(DESCRIPTION OF THE TASK): From the first line to the last, please print the entries exactly, omitting pictures.
+++ DATA LISTING +++
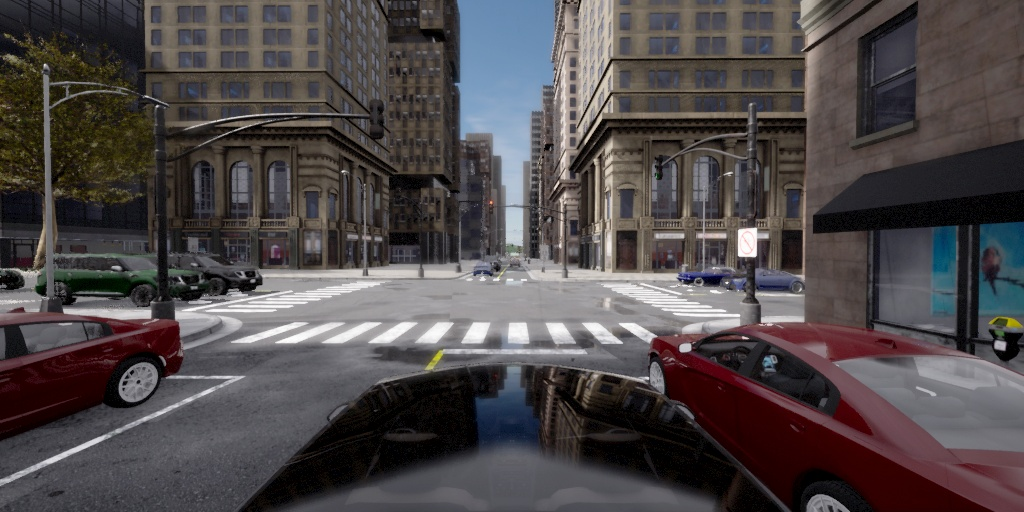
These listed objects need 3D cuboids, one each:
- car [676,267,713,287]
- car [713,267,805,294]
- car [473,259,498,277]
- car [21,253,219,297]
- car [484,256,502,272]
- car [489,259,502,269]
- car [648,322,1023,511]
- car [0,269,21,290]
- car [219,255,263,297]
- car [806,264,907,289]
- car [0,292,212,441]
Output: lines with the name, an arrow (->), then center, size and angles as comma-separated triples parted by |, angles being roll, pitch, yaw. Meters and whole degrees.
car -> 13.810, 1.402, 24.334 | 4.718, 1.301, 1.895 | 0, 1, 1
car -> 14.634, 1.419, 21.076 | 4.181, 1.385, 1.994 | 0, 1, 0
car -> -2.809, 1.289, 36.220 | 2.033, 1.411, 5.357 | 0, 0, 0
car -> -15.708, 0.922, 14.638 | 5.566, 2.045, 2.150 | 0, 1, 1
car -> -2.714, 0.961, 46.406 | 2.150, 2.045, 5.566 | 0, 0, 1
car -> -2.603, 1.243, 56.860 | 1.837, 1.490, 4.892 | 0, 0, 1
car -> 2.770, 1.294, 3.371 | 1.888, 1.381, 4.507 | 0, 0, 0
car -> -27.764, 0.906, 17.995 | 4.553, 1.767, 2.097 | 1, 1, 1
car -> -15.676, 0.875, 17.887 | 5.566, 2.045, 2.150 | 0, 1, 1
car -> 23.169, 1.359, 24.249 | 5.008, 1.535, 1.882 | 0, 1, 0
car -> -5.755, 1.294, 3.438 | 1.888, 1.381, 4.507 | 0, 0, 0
+++
(SOLUTION TO THIS PROBLEM):
These listed objects need 3D cuboids, one each:
- car [676,267,713,287]
- car [713,267,805,294]
- car [473,259,498,277]
- car [21,253,219,297]
- car [484,256,502,272]
- car [489,259,502,269]
- car [648,322,1023,511]
- car [0,269,21,290]
- car [219,255,263,297]
- car [806,264,907,289]
- car [0,292,212,441]
Output: lines with the name, an arrow (->), then center, size and angles as comma-separated triples parted by |, angles being roll, pitch, yaw. Meters and whole degrees.
car -> 13.810, 1.402, 24.334 | 4.718, 1.301, 1.895 | 0, 1, 1
car -> 14.634, 1.419, 21.076 | 4.181, 1.385, 1.994 | 0, 1, 0
car -> -2.809, 1.289, 36.220 | 2.033, 1.411, 5.357 | 0, 0, 0
car -> -15.708, 0.922, 14.638 | 5.566, 2.045, 2.150 | 0, 1, 1
car -> -2.714, 0.961, 46.406 | 2.150, 2.045, 5.566 | 0, 0, 1
car -> -2.603, 1.243, 56.860 | 1.837, 1.490, 4.892 | 0, 0, 1
car -> 2.770, 1.294, 3.371 | 1.888, 1.381, 4.507 | 0, 0, 0
car -> -27.764, 0.906, 17.995 | 4.553, 1.767, 2.097 | 1, 1, 1
car -> -15.676, 0.875, 17.887 | 5.566, 2.045, 2.150 | 0, 1, 1
car -> 23.169, 1.359, 24.249 | 5.008, 1.535, 1.882 | 0, 1, 0
car -> -5.755, 1.294, 3.438 | 1.888, 1.381, 4.507 | 0, 0, 0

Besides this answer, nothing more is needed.